Mainly in physics and chemistry, the Kelvin temperature scale is used because it describes temperatures in an absolute way. Despite this, in everyday life, it is more common to use the Celsius scale. In this case, a physicist who takes temperature measurements with a device using Celsius (C) degrees would need to convert their measurements to Kelvin (K) using the linear equation $K = C + 273.15$.

Solve linear equations

Linear equations look like this:$$ax + b =0$$This means that complex expressions like $x^2, \cos(x), \log(x)$, etc. do not appear. Solving a linear equation means isolating $x$. For this purpose, what you must remember is that the equal sign represents an equilibrium, which means that what is on the left side is exactly the same as what is on the right side. So if we do something on one side of the equation, we have to do it on the other side. This is why when we solve a linear equation, we can:

• Add or subtract the same amount from each side
• Multiply or divide both sides by the same amount

Then, to solve linear equations, we simply have to isolate $x$, for which we first get rid of $b$ by subtracting it from both sides of the equality:$$ax = -b$$And then we divide both sides by $a$:$$x = \frac{-b}{a}$$So the solution to $ax+b=0$ is $x = \frac{-b}{a}$!
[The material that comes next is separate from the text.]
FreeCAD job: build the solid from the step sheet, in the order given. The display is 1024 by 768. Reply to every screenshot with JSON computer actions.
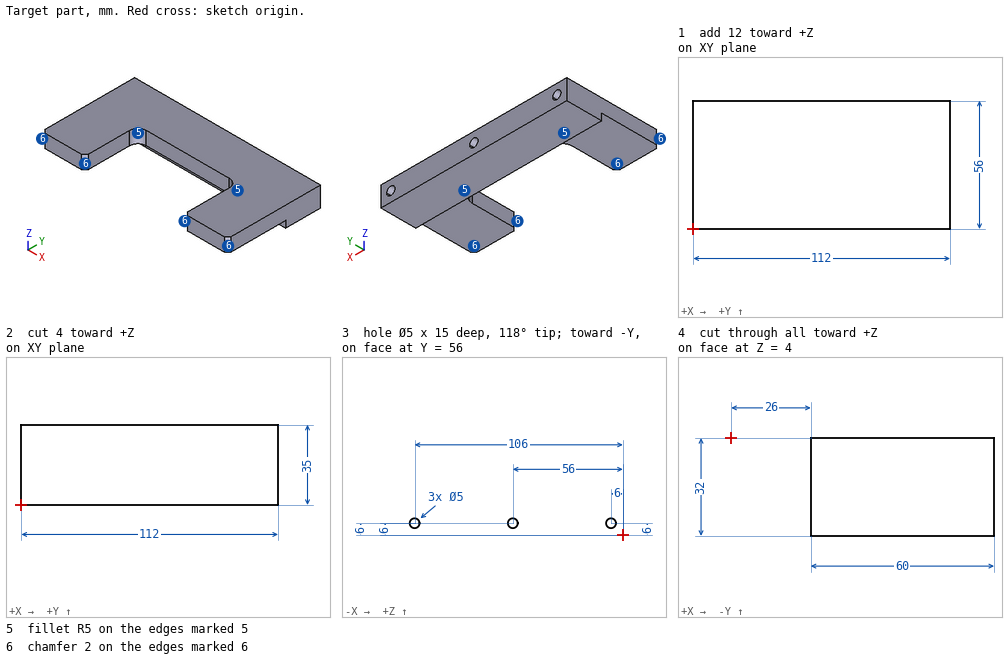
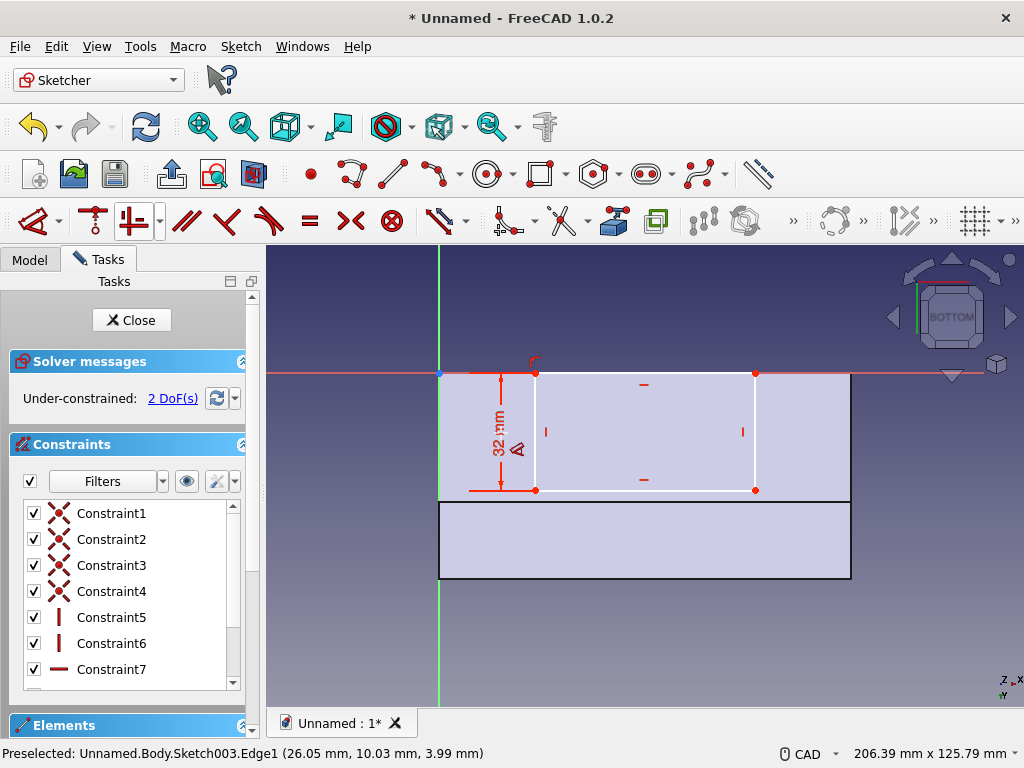
{"action": "left_click", "coordinate": [601, 491]}
{"action": "left_click", "coordinate": [645, 525]}

In applications, it is common that we do not start with the equation $ax +b = 0$, but a common strategy is to manipulate the equation so that we isolate $x$ on one side. For example, if we had$$2x + 5 = 3x - 4$$The first thing we would do is to subtract $3x$ from both sides to ensure that $x$ is now only on one side:

$$-x + 5 = -4$$We see that we can then subtract $5$ from both sides to leave $x$ alone:

$$-x = -9$$Finally, we multiply by $-1$ both sides and then $x = 9$.

Example: simple interest

Under simple interest, an initial investment $P$ with a rate of return $i$, after $t$ years, generates an accumulated amount $A$ equal to:$$A = P(1+it)$$Depending on the type of question, the unknown could be $A, P, i$, or $t$. In order to solve the problem, you would first have to know the value of the other variables.
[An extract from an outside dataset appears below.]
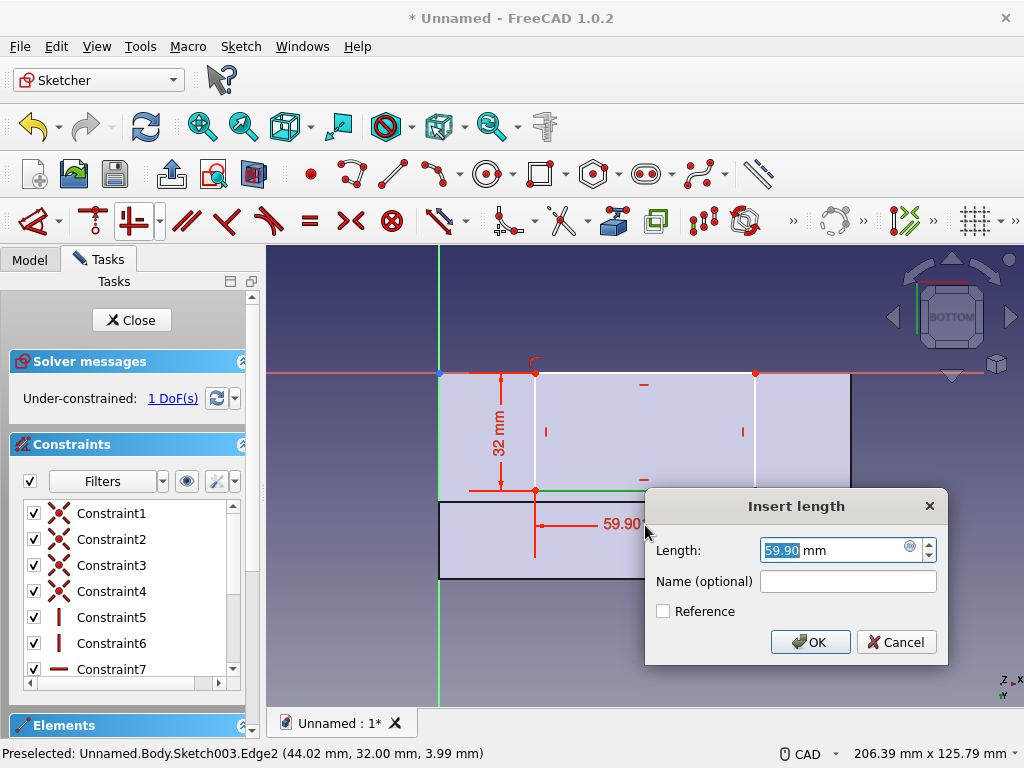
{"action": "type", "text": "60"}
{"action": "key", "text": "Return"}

Suppose you want to buy your dream car, whose price is $$25,000$. Today you only have $$16,000$, so you decide to invest your money with the intention that in a few years you will be able to buy the car. At your favorite bank, they give you a rate of return of $5\%$. If the interest is simple, in how many years will you be able to buy the car?

We know quite a lot of things, like that the money you have today is the initial investment, that the rate of return is $5\%$ and that the amount you would like to accumulate is the value of the car. We can substitute these values into the simple interest formula:

$$25000 = 16000 (1+0.05t)$$Clearly, what you now need to know is the time $t$ it will take you to save to buy the car, so this is the unknown variable.
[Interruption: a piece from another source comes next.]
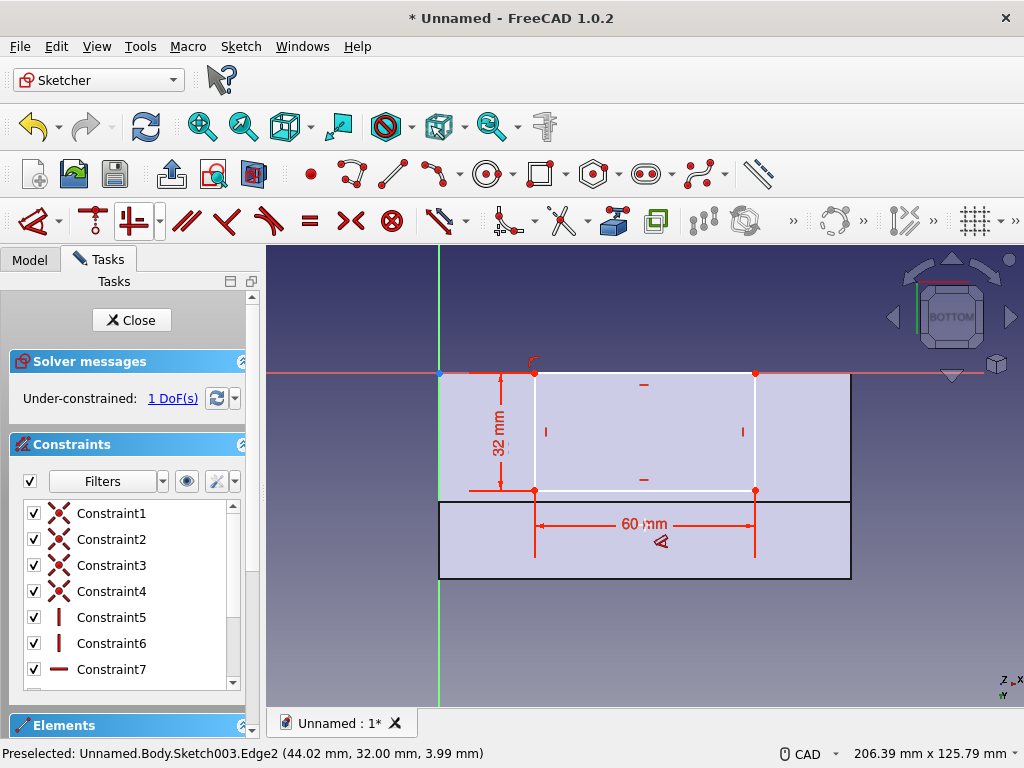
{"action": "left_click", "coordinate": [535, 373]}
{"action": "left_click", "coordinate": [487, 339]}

We can start by dividing both sides by $\$16,000$:$$\frac{25000}{16000} = 1+0.05t$$After simplifying and subtracting $1$ from both sides:

$$\frac{25}{16} - 1 =0.05t$$Finally, we divide by $0.05$:$$t = \frac{\frac{25}{16} - 1}{0.05} = \frac{1}{0.05}\left(\frac{25}{16} - \frac{16}{16}\right) = \frac{100}{5}\frac{9}{16} = \frac{900}{80} = \frac{90}{8} = 11.25$$This means that within $11$ years and $3$ months (a quarter of a year) your initial investment of $\$16,000$ would grow to $\$25,000$.

Conclusion

• Linear equations look like $ax +b = 0$.
• When we solve a linear equation, there is always a unique solution $x = \frac{-b}{a}$.
• As in any equality, the important thing is to maintain balance: if we add or subtract a quantity from one side, we must do the same on the other side. The same goes for multiplication and division.